• [WORK REQUIRED] Write out, word for word, every line in the data below from the one containing "Step 4: Compare cash allocations" to the one containing "3. It has a", both of them included.

• [MATERIAL SUPPLIED]
- - - - - - -
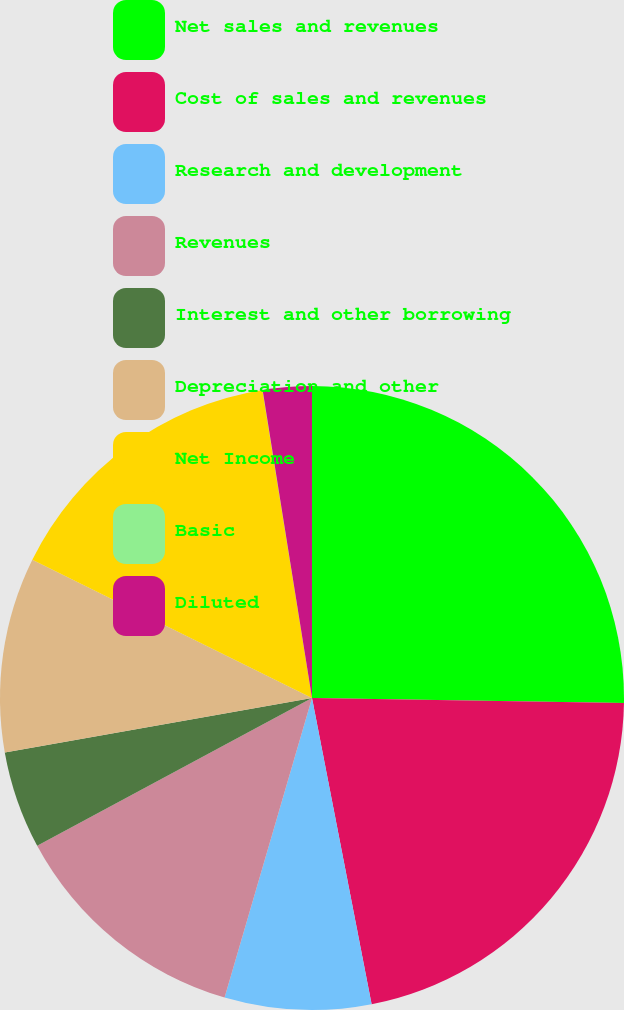Convert chart. <chart><loc_0><loc_0><loc_500><loc_500><pie_chart><fcel>Net sales and revenues<fcel>Cost of sales and revenues<fcel>Research and development<fcel>Revenues<fcel>Interest and other borrowing<fcel>Depreciation and other<fcel>Net Income<fcel>Basic<fcel>Diluted<nl><fcel>25.25%<fcel>21.69%<fcel>7.58%<fcel>12.63%<fcel>5.06%<fcel>10.1%<fcel>15.15%<fcel>0.01%<fcel>2.53%<nl></chart> 
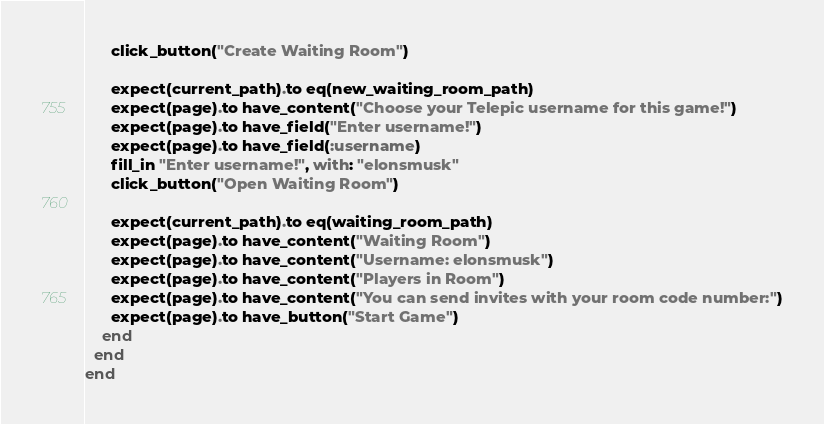<code> <loc_0><loc_0><loc_500><loc_500><_Ruby_>      click_button("Create Waiting Room")

      expect(current_path).to eq(new_waiting_room_path)
      expect(page).to have_content("Choose your Telepic username for this game!")
      expect(page).to have_field("Enter username!")
      expect(page).to have_field(:username)
      fill_in "Enter username!", with: "elonsmusk"
      click_button("Open Waiting Room")

      expect(current_path).to eq(waiting_room_path)
      expect(page).to have_content("Waiting Room")
      expect(page).to have_content("Username: elonsmusk")
      expect(page).to have_content("Players in Room")
      expect(page).to have_content("You can send invites with your room code number:")
      expect(page).to have_button("Start Game")
    end
  end
end
</code> 
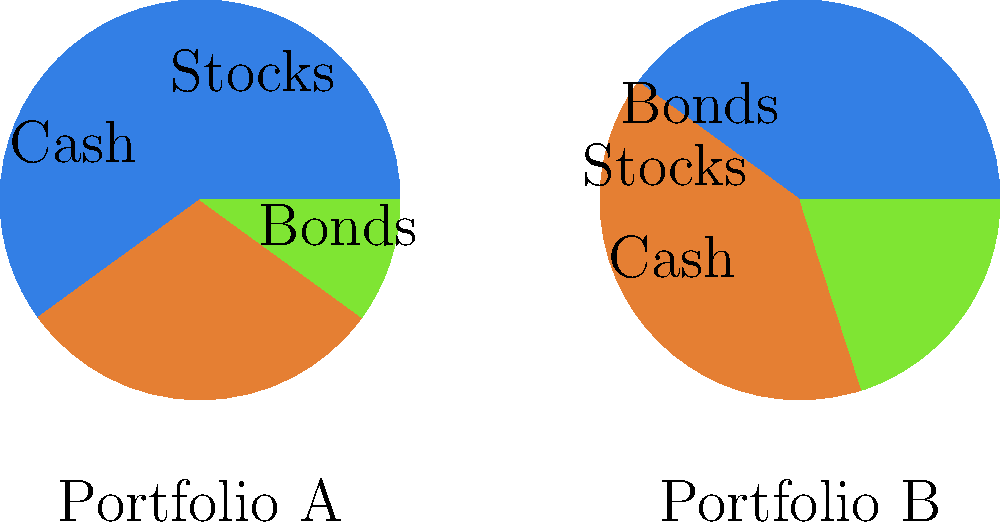As a risk-averse customer, which investment portfolio allocation would you prefer, and why? To determine the preferred portfolio for a risk-averse customer, we need to analyze both portfolios in terms of risk and potential returns:

1. Portfolio A:
   - 60% Stocks
   - 30% Bonds
   - 10% Cash

2. Portfolio B:
   - 40% Stocks
   - 40% Bonds
   - 20% Cash

Step 1: Assess risk levels
- Stocks are generally considered the riskiest asset class among the three.
- Bonds are moderately risky but less volatile than stocks.
- Cash is the least risky but offers the lowest potential returns.

Step 2: Compare stock allocations
- Portfolio A has 60% in stocks, while Portfolio B has 40%.
- A higher stock allocation implies higher risk and potentially higher returns.

Step 3: Compare bond allocations
- Portfolio A has 30% in bonds, while Portfolio B has 40%.
- A higher bond allocation provides more stability and income.

Step 4: Compare cash allocations
- Portfolio A has 10% in cash, while Portfolio B has 20%.
- A higher cash allocation offers more liquidity and lower risk.

Step 5: Consider the risk-averse profile
- A risk-averse investor prefers stability and lower volatility over potentially higher returns.
- They prioritize capital preservation and steady income.

Given these factors, Portfolio B would be more suitable for a risk-averse customer because:
1. It has a lower allocation to stocks (40% vs. 60%), reducing overall portfolio volatility.
2. It has a higher allocation to bonds (40% vs. 30%), providing more stable income and lower risk.
3. It has a higher cash allocation (20% vs. 10%), offering more liquidity and capital preservation.

While Portfolio B may have lower potential returns compared to Portfolio A, it aligns better with the risk-averse profile by offering a more balanced and conservative approach to investing.
Answer: Portfolio B, due to lower stock allocation and higher bond and cash allocations.
- - - - - - -
• [ANSWER BOX]
Step 4: Compare cash allocations
- Portfolio A has 10% in cash, while Portfolio B has 20%.
- A higher cash allocation offers more liquidity and lower risk.

Step 5: Consider the risk-averse profile
- A risk-averse investor prefers stability and lower volatility over potentially higher returns.
- They prioritize capital preservation and steady income.

Given these factors, Portfolio B would be more suitable for a risk-averse customer because:
1. It has a lower allocation to stocks (40% vs. 60%), reducing overall portfolio volatility.
2. It has a higher allocation to bonds (40% vs. 30%), providing more stable income and lower risk.
3. It has a higher cash allocation (20% vs. 10%), offering more liquidity and capital preservation.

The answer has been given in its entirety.